### What needs to be done
Retype every line below precisely as it appears.

####################

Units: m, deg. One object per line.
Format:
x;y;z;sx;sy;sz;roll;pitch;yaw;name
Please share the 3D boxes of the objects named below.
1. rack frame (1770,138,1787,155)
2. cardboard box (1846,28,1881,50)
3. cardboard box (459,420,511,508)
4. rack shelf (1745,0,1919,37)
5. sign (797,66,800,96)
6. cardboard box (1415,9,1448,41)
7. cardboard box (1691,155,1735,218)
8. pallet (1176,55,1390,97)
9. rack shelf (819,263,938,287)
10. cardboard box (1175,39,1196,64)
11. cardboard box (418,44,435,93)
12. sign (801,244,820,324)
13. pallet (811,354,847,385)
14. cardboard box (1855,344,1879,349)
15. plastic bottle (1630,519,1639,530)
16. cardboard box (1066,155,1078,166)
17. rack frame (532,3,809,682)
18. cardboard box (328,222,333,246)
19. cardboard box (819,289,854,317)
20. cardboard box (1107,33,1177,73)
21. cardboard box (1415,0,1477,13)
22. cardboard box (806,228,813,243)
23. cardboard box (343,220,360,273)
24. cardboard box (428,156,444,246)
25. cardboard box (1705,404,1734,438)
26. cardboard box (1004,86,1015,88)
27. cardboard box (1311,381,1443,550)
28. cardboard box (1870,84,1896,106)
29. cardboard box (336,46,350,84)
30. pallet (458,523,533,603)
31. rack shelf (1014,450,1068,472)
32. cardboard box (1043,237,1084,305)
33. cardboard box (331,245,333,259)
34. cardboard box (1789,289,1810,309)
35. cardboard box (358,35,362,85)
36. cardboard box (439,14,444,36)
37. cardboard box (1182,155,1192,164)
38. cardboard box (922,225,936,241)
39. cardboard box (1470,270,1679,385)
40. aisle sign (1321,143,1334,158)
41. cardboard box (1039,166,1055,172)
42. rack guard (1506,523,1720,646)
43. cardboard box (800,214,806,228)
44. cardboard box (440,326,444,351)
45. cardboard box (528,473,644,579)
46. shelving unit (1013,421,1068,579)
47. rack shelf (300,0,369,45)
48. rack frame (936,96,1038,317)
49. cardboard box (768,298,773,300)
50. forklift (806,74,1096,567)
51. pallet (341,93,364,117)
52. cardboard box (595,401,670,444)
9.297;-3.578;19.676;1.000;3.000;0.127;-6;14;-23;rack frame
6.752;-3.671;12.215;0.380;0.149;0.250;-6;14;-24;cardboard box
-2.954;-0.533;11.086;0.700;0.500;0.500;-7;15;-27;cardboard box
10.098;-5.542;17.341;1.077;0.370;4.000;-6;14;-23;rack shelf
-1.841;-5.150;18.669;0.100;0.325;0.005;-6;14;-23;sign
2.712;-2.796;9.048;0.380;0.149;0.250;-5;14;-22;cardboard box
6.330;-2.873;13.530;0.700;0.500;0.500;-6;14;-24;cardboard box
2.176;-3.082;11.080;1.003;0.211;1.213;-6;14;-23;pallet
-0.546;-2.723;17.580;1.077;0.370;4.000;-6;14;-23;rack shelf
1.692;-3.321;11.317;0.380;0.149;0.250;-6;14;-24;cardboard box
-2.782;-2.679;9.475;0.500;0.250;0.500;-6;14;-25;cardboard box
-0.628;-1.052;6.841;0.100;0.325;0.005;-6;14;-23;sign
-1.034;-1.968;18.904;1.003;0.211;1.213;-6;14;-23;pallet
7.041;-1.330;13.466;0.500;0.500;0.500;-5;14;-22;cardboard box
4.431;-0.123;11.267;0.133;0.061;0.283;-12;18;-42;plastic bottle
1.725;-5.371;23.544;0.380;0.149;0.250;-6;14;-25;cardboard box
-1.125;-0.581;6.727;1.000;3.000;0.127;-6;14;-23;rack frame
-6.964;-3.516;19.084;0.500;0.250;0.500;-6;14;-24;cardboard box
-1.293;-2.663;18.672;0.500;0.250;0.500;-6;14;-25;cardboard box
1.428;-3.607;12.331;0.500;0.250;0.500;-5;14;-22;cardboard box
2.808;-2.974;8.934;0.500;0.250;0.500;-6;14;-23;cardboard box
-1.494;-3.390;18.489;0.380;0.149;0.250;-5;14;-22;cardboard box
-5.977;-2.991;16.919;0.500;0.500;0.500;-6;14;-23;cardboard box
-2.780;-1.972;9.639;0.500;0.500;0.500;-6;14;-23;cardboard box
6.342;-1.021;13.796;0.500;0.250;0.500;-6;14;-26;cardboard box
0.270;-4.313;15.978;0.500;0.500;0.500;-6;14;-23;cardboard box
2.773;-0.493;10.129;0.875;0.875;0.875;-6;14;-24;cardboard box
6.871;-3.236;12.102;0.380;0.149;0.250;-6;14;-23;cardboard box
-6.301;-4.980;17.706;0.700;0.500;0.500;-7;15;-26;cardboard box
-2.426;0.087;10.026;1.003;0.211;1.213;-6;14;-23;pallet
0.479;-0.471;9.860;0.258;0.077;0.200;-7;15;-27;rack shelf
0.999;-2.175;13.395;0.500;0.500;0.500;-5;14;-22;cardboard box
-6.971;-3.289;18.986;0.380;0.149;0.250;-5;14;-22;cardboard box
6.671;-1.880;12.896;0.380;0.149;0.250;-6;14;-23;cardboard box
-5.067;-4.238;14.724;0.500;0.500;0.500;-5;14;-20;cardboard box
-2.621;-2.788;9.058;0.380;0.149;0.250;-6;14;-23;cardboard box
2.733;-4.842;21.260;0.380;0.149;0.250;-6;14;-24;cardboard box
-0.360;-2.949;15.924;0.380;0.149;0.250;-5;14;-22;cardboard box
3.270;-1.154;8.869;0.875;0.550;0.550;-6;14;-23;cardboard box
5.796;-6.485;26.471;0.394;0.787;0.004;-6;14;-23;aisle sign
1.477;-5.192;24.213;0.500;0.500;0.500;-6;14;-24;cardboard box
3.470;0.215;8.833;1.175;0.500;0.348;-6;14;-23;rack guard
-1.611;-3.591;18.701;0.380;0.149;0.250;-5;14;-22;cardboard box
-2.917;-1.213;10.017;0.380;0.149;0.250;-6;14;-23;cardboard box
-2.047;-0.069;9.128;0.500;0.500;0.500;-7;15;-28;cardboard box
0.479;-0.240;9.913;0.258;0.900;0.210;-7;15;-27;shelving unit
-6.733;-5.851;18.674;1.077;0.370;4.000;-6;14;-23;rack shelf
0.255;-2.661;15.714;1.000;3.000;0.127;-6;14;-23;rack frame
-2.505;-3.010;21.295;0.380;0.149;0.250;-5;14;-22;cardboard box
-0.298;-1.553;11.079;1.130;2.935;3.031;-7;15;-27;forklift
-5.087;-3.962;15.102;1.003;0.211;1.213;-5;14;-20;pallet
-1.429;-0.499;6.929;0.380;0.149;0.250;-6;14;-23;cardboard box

####################

### Answer to this exercise
Units: m, deg. One object per line.
Format:
x;y;z;sx;sy;sz;roll;pitch;yaw;name
Please share the 3D boxes of the objects named below.
1. rack frame (1770,138,1787,155)
2. cardboard box (1846,28,1881,50)
3. cardboard box (459,420,511,508)
4. rack shelf (1745,0,1919,37)
5. sign (797,66,800,96)
6. cardboard box (1415,9,1448,41)
7. cardboard box (1691,155,1735,218)
8. pallet (1176,55,1390,97)
9. rack shelf (819,263,938,287)
10. cardboard box (1175,39,1196,64)
11. cardboard box (418,44,435,93)
12. sign (801,244,820,324)
13. pallet (811,354,847,385)
14. cardboard box (1855,344,1879,349)
15. plastic bottle (1630,519,1639,530)
16. cardboard box (1066,155,1078,166)
17. rack frame (532,3,809,682)
18. cardboard box (328,222,333,246)
19. cardboard box (819,289,854,317)
20. cardboard box (1107,33,1177,73)
21. cardboard box (1415,0,1477,13)
22. cardboard box (806,228,813,243)
23. cardboard box (343,220,360,273)
24. cardboard box (428,156,444,246)
25. cardboard box (1705,404,1734,438)
26. cardboard box (1004,86,1015,88)
27. cardboard box (1311,381,1443,550)
28. cardboard box (1870,84,1896,106)
29. cardboard box (336,46,350,84)
30. pallet (458,523,533,603)
31. rack shelf (1014,450,1068,472)
32. cardboard box (1043,237,1084,305)
33. cardboard box (331,245,333,259)
34. cardboard box (1789,289,1810,309)
35. cardboard box (358,35,362,85)
36. cardboard box (439,14,444,36)
37. cardboard box (1182,155,1192,164)
38. cardboard box (922,225,936,241)
39. cardboard box (1470,270,1679,385)
40. aisle sign (1321,143,1334,158)
41. cardboard box (1039,166,1055,172)
42. rack guard (1506,523,1720,646)
43. cardboard box (800,214,806,228)
44. cardboard box (440,326,444,351)
45. cardboard box (528,473,644,579)
46. shelving unit (1013,421,1068,579)
47. rack shelf (300,0,369,45)
48. rack frame (936,96,1038,317)
49. cardboard box (768,298,773,300)
50. forklift (806,74,1096,567)
51. pallet (341,93,364,117)
52. cardboard box (595,401,670,444)
9.297;-3.578;19.676;1.000;3.000;0.127;-6;14;-23;rack frame
6.752;-3.671;12.215;0.380;0.149;0.250;-6;14;-24;cardboard box
-2.954;-0.533;11.086;0.700;0.500;0.500;-7;15;-27;cardboard box
10.098;-5.542;17.341;1.077;0.370;4.000;-6;14;-23;rack shelf
-1.841;-5.150;18.669;0.100;0.325;0.005;-6;14;-23;sign
2.712;-2.796;9.048;0.380;0.149;0.250;-5;14;-22;cardboard box
6.330;-2.873;13.530;0.700;0.500;0.500;-6;14;-24;cardboard box
2.176;-3.082;11.080;1.003;0.211;1.213;-6;14;-23;pallet
-0.546;-2.723;17.580;1.077;0.370;4.000;-6;14;-23;rack shelf
1.692;-3.321;11.317;0.380;0.149;0.250;-6;14;-24;cardboard box
-2.782;-2.679;9.475;0.500;0.250;0.500;-6;14;-25;cardboard box
-0.628;-1.052;6.841;0.100;0.325;0.005;-6;14;-23;sign
-1.034;-1.968;18.904;1.003;0.211;1.213;-6;14;-23;pallet
7.041;-1.330;13.466;0.500;0.500;0.500;-5;14;-22;cardboard box
4.431;-0.123;11.267;0.133;0.061;0.283;-12;18;-42;plastic bottle
1.725;-5.371;23.544;0.380;0.149;0.250;-6;14;-25;cardboard box
-1.125;-0.581;6.727;1.000;3.000;0.127;-6;14;-23;rack frame
-6.964;-3.516;19.084;0.500;0.250;0.500;-6;14;-24;cardboard box
-1.293;-2.663;18.672;0.500;0.250;0.500;-6;14;-25;cardboard box
1.428;-3.607;12.331;0.500;0.250;0.500;-5;14;-22;cardboard box
2.808;-2.974;8.934;0.500;0.250;0.500;-6;14;-23;cardboard box
-1.494;-3.390;18.489;0.380;0.149;0.250;-5;14;-22;cardboard box
-5.977;-2.991;16.919;0.500;0.500;0.500;-6;14;-23;cardboard box
-2.780;-1.972;9.639;0.500;0.500;0.500;-6;14;-23;cardboard box
6.342;-1.021;13.796;0.500;0.250;0.500;-6;14;-26;cardboard box
0.270;-4.313;15.978;0.500;0.500;0.500;-6;14;-23;cardboard box
2.773;-0.493;10.129;0.875;0.875;0.875;-6;14;-24;cardboard box
6.871;-3.236;12.102;0.380;0.149;0.250;-6;14;-23;cardboard box
-6.301;-4.980;17.706;0.700;0.500;0.500;-7;15;-26;cardboard box
-2.426;0.087;10.026;1.003;0.211;1.213;-6;14;-23;pallet
0.479;-0.471;9.860;0.258;0.077;0.200;-7;15;-27;rack shelf
0.999;-2.175;13.395;0.500;0.500;0.500;-5;14;-22;cardboard box
-6.971;-3.289;18.986;0.380;0.149;0.250;-5;14;-22;cardboard box
6.671;-1.880;12.896;0.380;0.149;0.250;-6;14;-23;cardboard box
-5.067;-4.238;14.724;0.500;0.500;0.500;-5;14;-20;cardboard box
-2.621;-2.788;9.058;0.380;0.149;0.250;-6;14;-23;cardboard box
2.733;-4.842;21.260;0.380;0.149;0.250;-6;14;-24;cardboard box
-0.360;-2.949;15.924;0.380;0.149;0.250;-5;14;-22;cardboard box
3.270;-1.154;8.869;0.875;0.550;0.550;-6;14;-23;cardboard box
5.796;-6.485;26.471;0.394;0.787;0.004;-6;14;-23;aisle sign
1.477;-5.192;24.213;0.500;0.500;0.500;-6;14;-24;cardboard box
3.470;0.215;8.833;1.175;0.500;0.348;-6;14;-23;rack guard
-1.611;-3.591;18.701;0.380;0.149;0.250;-5;14;-22;cardboard box
-2.917;-1.213;10.017;0.380;0.149;0.250;-6;14;-23;cardboard box
-2.047;-0.069;9.128;0.500;0.500;0.500;-7;15;-28;cardboard box
0.479;-0.240;9.913;0.258;0.900;0.210;-7;15;-27;shelving unit
-6.733;-5.851;18.674;1.077;0.370;4.000;-6;14;-23;rack shelf
0.255;-2.661;15.714;1.000;3.000;0.127;-6;14;-23;rack frame
-2.505;-3.010;21.295;0.380;0.149;0.250;-5;14;-22;cardboard box
-0.298;-1.553;11.079;1.130;2.935;3.031;-7;15;-27;forklift
-5.087;-3.962;15.102;1.003;0.211;1.213;-5;14;-20;pallet
-1.429;-0.499;6.929;0.380;0.149;0.250;-6;14;-23;cardboard box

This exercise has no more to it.